(Task brief) Write out the entire listing exactly, so that each line matches the original.

•••

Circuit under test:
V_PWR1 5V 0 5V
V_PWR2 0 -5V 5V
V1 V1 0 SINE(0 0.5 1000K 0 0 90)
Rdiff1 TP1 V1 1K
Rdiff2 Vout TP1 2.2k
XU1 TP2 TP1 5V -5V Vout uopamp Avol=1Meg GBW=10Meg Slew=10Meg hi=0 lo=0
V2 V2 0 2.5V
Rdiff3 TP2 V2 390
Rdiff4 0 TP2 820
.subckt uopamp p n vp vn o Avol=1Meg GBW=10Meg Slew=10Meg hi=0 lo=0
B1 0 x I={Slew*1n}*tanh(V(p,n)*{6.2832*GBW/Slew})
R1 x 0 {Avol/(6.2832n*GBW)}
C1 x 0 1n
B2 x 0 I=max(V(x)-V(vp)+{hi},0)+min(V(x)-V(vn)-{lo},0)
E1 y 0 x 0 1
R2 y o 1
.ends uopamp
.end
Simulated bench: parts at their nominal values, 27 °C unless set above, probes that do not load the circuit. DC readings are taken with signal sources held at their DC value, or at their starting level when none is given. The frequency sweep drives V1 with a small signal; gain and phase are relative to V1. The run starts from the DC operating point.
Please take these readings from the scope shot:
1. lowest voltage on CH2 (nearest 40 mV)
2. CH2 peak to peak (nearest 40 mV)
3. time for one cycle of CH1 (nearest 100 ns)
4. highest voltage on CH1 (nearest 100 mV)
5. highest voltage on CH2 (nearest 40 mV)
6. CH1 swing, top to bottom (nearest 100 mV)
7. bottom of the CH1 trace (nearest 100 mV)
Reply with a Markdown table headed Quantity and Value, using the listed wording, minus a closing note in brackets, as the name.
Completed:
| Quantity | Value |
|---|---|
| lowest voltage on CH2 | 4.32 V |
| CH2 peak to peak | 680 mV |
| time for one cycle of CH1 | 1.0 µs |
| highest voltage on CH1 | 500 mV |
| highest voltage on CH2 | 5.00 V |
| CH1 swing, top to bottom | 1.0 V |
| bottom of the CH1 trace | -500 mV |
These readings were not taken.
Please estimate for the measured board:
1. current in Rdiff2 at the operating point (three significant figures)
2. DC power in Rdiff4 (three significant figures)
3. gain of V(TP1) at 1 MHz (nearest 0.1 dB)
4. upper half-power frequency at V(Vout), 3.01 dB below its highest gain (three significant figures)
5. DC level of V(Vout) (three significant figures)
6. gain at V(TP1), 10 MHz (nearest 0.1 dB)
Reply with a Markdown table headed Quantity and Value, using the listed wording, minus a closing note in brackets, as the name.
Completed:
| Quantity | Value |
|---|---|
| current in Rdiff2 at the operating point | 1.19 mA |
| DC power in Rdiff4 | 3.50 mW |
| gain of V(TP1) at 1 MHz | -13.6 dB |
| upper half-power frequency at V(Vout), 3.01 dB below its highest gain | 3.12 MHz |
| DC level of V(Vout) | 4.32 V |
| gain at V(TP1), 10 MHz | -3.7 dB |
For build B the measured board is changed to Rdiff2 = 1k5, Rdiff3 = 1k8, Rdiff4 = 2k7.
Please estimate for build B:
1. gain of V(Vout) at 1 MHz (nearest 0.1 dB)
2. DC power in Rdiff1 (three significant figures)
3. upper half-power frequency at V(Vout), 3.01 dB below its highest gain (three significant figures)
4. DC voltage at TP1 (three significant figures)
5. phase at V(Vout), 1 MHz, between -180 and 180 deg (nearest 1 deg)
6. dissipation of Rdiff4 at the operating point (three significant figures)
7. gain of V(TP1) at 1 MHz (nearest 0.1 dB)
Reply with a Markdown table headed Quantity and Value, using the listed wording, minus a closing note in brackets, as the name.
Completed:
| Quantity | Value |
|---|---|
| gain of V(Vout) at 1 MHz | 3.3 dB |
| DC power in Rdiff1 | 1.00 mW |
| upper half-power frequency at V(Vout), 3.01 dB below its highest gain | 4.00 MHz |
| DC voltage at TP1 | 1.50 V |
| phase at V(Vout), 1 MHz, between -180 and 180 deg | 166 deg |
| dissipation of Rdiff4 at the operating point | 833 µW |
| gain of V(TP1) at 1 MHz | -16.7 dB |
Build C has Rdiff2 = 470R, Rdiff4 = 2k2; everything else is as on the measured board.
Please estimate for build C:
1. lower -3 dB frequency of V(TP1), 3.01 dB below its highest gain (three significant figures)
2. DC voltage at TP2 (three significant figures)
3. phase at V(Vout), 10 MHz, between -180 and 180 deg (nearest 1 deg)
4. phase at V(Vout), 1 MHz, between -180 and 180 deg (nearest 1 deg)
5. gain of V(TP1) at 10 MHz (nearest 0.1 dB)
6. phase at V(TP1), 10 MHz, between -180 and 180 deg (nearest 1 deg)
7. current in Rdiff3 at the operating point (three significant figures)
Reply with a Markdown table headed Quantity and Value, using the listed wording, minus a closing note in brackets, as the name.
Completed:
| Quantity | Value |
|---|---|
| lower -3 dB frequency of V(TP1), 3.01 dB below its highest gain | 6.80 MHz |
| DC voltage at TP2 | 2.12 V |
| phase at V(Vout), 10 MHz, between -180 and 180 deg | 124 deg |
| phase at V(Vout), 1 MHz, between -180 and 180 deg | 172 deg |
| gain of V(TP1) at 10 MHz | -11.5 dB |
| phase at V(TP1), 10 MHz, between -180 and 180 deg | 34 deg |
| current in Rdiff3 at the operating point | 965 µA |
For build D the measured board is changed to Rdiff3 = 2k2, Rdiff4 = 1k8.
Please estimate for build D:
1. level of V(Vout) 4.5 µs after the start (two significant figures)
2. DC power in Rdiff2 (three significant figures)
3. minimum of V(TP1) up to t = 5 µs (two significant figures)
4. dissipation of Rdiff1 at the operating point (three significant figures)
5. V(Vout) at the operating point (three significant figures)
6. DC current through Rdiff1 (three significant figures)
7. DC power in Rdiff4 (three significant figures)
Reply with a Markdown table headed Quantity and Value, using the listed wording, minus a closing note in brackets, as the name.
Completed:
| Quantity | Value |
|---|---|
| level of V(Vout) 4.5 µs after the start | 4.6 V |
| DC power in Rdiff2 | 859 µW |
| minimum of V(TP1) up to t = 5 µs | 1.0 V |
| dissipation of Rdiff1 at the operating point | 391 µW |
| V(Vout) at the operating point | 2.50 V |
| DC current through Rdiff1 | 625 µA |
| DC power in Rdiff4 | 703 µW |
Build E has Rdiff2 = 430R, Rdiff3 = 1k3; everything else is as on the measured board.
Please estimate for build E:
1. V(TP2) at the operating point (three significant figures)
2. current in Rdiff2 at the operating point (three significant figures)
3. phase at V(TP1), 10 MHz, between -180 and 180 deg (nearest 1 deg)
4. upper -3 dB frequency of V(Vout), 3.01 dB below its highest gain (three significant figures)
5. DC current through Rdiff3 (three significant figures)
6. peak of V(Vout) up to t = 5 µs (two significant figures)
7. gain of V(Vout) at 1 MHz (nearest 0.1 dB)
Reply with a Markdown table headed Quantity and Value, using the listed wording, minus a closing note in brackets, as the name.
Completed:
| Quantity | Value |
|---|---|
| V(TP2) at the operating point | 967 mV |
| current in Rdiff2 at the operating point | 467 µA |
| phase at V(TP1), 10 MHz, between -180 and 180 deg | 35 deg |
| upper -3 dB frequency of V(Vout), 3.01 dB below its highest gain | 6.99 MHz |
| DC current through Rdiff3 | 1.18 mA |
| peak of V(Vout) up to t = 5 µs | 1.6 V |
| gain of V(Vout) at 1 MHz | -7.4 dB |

•••

(Result of the task)
Circuit under test:
V_PWR1 5V 0 5V
V_PWR2 0 -5V 5V
V1 V1 0 SINE(0 0.5 1000K 0 0 90)
Rdiff1 TP1 V1 1K
Rdiff2 Vout TP1 2.2k
XU1 TP2 TP1 5V -5V Vout uopamp Avol=1Meg GBW=10Meg Slew=10Meg hi=0 lo=0
V2 V2 0 2.5V
Rdiff3 TP2 V2 390
Rdiff4 0 TP2 820
.subckt uopamp p n vp vn o Avol=1Meg GBW=10Meg Slew=10Meg hi=0 lo=0
B1 0 x I={Slew*1n}*tanh(V(p,n)*{6.2832*GBW/Slew})
R1 x 0 {Avol/(6.2832n*GBW)}
C1 x 0 1n
B2 x 0 I=max(V(x)-V(vp)+{hi},0)+min(V(x)-V(vn)-{lo},0)
E1 y 0 x 0 1
R2 y o 1
.ends uopamp
.end
Simulated bench: parts at their nominal values, 27 °C unless set above, probes that do not load the circuit. DC readings are taken with signal sources held at their DC value, or at their starting level when none is given. The frequency sweep drives V1 with a small signal; gain and phase are relative to V1. The run starts from the DC operating point.
Please take these readings from the scope shot:
1. lowest voltage on CH2 (nearest 40 mV)
2. CH2 peak to peak (nearest 40 mV)
3. time for one cycle of CH1 (nearest 100 ns)
4. highest voltage on CH1 (nearest 100 mV)
5. highest voltage on CH2 (nearest 40 mV)
6. CH1 swing, top to bottom (nearest 100 mV)
7. bottom of the CH1 trace (nearest 100 mV)
Reply with a Markdown table headed Quantity and Value, using the listed wording, minus a closing note in brackets, as the name.
Completed:
| Quantity | Value |
|---|---|
| lowest voltage on CH2 | 4.32 V |
| CH2 peak to peak | 680 mV |
| time for one cycle of CH1 | 1.0 µs |
| highest voltage on CH1 | 500 mV |
| highest voltage on CH2 | 5.00 V |
| CH1 swing, top to bottom | 1.0 V |
| bottom of the CH1 trace | -500 mV |
These readings were not taken.
Please estimate for the measured board:
1. current in Rdiff2 at the operating point (three significant figures)
2. DC power in Rdiff4 (three significant figures)
3. gain of V(TP1) at 1 MHz (nearest 0.1 dB)
4. upper half-power frequency at V(Vout), 3.01 dB below its highest gain (three significant figures)
5. DC level of V(Vout) (three significant figures)
6. gain at V(TP1), 10 MHz (nearest 0.1 dB)
Reply with a Markdown table headed Quantity and Value, using the listed wording, minus a closing note in brackets, as the name.
Completed:
| Quantity | Value |
|---|---|
| current in Rdiff2 at the operating point | 1.19 mA |
| DC power in Rdiff4 | 3.50 mW |
| gain of V(TP1) at 1 MHz | -13.6 dB |
| upper half-power frequency at V(Vout), 3.01 dB below its highest gain | 3.12 MHz |
| DC level of V(Vout) | 4.32 V |
| gain at V(TP1), 10 MHz | -3.7 dB |
For build B the measured board is changed to Rdiff2 = 1k5, Rdiff3 = 1k8, Rdiff4 = 2k7.
Please estimate for build B:
1. gain of V(Vout) at 1 MHz (nearest 0.1 dB)
2. DC power in Rdiff1 (three significant figures)
3. upper half-power frequency at V(Vout), 3.01 dB below its highest gain (three significant figures)
4. DC voltage at TP1 (three significant figures)
5. phase at V(Vout), 1 MHz, between -180 and 180 deg (nearest 1 deg)
6. dissipation of Rdiff4 at the operating point (three significant figures)
7. gain of V(TP1) at 1 MHz (nearest 0.1 dB)
Reply with a Markdown table headed Quantity and Value, using the listed wording, minus a closing note in brackets, as the name.
Completed:
| Quantity | Value |
|---|---|
| gain of V(Vout) at 1 MHz | 3.3 dB |
| DC power in Rdiff1 | 1.00 mW |
| upper half-power frequency at V(Vout), 3.01 dB below its highest gain | 4.00 MHz |
| DC voltage at TP1 | 1.50 V |
| phase at V(Vout), 1 MHz, between -180 and 180 deg | 166 deg |
| dissipation of Rdiff4 at the operating point | 833 µW |
| gain of V(TP1) at 1 MHz | -16.7 dB |
Build C has Rdiff2 = 470R, Rdiff4 = 2k2; everything else is as on the measured board.
Please estimate for build C:
1. lower -3 dB frequency of V(TP1), 3.01 dB below its highest gain (three significant figures)
2. DC voltage at TP2 (three significant figures)
3. phase at V(Vout), 10 MHz, between -180 and 180 deg (nearest 1 deg)
4. phase at V(Vout), 1 MHz, between -180 and 180 deg (nearest 1 deg)
5. gain of V(TP1) at 10 MHz (nearest 0.1 dB)
6. phase at V(TP1), 10 MHz, between -180 and 180 deg (nearest 1 deg)
7. current in Rdiff3 at the operating point (three significant figures)
Reply with a Markdown table headed Quantity and Value, using the listed wording, minus a closing note in brackets, as the name.
Completed:
| Quantity | Value |
|---|---|
| lower -3 dB frequency of V(TP1), 3.01 dB below its highest gain | 6.80 MHz |
| DC voltage at TP2 | 2.12 V |
| phase at V(Vout), 10 MHz, between -180 and 180 deg | 124 deg |
| phase at V(Vout), 1 MHz, between -180 and 180 deg | 172 deg |
| gain of V(TP1) at 10 MHz | -11.5 dB |
| phase at V(TP1), 10 MHz, between -180 and 180 deg | 34 deg |
| current in Rdiff3 at the operating point | 965 µA |
For build D the measured board is changed to Rdiff3 = 2k2, Rdiff4 = 1k8.
Please estimate for build D:
1. level of V(Vout) 4.5 µs after the start (two significant figures)
2. DC power in Rdiff2 (three significant figures)
3. minimum of V(TP1) up to t = 5 µs (two significant figures)
4. dissipation of Rdiff1 at the operating point (three significant figures)
5. V(Vout) at the operating point (three significant figures)
6. DC current through Rdiff1 (three significant figures)
7. DC power in Rdiff4 (three significant figures)
Reply with a Markdown table headed Quantity and Value, using the listed wording, minus a closing note in brackets, as the name.
Completed:
| Quantity | Value |
|---|---|
| level of V(Vout) 4.5 µs after the start | 4.6 V |
| DC power in Rdiff2 | 859 µW |
| minimum of V(TP1) up to t = 5 µs | 1.0 V |
| dissipation of Rdiff1 at the operating point | 391 µW |
| V(Vout) at the operating point | 2.50 V |
| DC current through Rdiff1 | 625 µA |
| DC power in Rdiff4 | 703 µW |
Build E has Rdiff2 = 430R, Rdiff3 = 1k3; everything else is as on the measured board.
Please estimate for build E:
1. V(TP2) at the operating point (three significant figures)
2. current in Rdiff2 at the operating point (three significant figures)
3. phase at V(TP1), 10 MHz, between -180 and 180 deg (nearest 1 deg)
4. upper -3 dB frequency of V(Vout), 3.01 dB below its highest gain (three significant figures)
5. DC current through Rdiff3 (three significant figures)
6. peak of V(Vout) up to t = 5 µs (two significant figures)
7. gain of V(Vout) at 1 MHz (nearest 0.1 dB)
Reply with a Markdown table headed Quantity and Value, using the listed wording, minus a closing note in brackets, as the name.
Completed:
| Quantity | Value |
|---|---|
| V(TP2) at the operating point | 967 mV |
| current in Rdiff2 at the operating point | 467 µA |
| phase at V(TP1), 10 MHz, between -180 and 180 deg | 35 deg |
| upper -3 dB frequency of V(Vout), 3.01 dB below its highest gain | 6.99 MHz |
| DC current through Rdiff3 | 1.18 mA |
| peak of V(Vout) up to t = 5 µs | 1.6 V |
| gain of V(Vout) at 1 MHz | -7.4 dB |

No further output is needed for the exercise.